● **EXERCISE DIRECTIONS**:
Could you please count how many lines in the data below hold the string "Answer"? Reply with only the number.

--- SOURCE DATA Enclosed Below ---

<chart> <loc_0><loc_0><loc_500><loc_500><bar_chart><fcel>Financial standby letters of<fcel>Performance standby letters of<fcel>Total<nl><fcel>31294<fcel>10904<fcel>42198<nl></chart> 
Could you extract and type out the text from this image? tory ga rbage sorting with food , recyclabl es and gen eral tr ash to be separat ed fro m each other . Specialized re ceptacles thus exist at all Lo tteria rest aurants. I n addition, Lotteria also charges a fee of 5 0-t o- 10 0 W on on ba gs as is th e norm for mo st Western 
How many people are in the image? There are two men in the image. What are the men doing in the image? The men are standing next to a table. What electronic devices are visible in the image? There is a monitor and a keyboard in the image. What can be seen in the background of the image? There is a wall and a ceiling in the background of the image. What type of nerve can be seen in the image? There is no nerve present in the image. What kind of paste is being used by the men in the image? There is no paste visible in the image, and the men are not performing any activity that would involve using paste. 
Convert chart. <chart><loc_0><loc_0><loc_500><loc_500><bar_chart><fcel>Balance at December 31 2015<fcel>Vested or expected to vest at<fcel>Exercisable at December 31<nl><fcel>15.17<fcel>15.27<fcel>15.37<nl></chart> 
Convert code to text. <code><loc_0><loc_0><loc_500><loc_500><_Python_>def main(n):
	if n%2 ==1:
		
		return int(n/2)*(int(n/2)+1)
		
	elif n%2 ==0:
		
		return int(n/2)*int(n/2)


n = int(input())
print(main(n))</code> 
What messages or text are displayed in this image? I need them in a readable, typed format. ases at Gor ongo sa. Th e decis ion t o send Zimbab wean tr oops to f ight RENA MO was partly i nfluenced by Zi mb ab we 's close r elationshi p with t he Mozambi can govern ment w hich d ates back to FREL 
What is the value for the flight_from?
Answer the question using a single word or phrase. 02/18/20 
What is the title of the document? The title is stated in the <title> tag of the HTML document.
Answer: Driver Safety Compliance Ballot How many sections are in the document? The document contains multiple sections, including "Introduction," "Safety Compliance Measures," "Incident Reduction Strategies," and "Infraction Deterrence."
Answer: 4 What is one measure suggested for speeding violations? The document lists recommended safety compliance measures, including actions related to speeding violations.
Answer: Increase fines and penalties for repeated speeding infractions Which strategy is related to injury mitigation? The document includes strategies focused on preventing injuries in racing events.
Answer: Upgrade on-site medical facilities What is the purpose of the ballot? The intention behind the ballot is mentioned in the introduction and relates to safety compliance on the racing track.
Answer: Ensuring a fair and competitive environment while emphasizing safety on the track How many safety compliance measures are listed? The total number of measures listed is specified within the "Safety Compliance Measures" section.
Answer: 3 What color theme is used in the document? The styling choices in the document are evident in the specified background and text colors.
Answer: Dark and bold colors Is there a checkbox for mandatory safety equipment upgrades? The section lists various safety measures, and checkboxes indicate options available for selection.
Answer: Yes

--- End of Enclosed SOURCE DATA ---

● **OUTPUT**:
9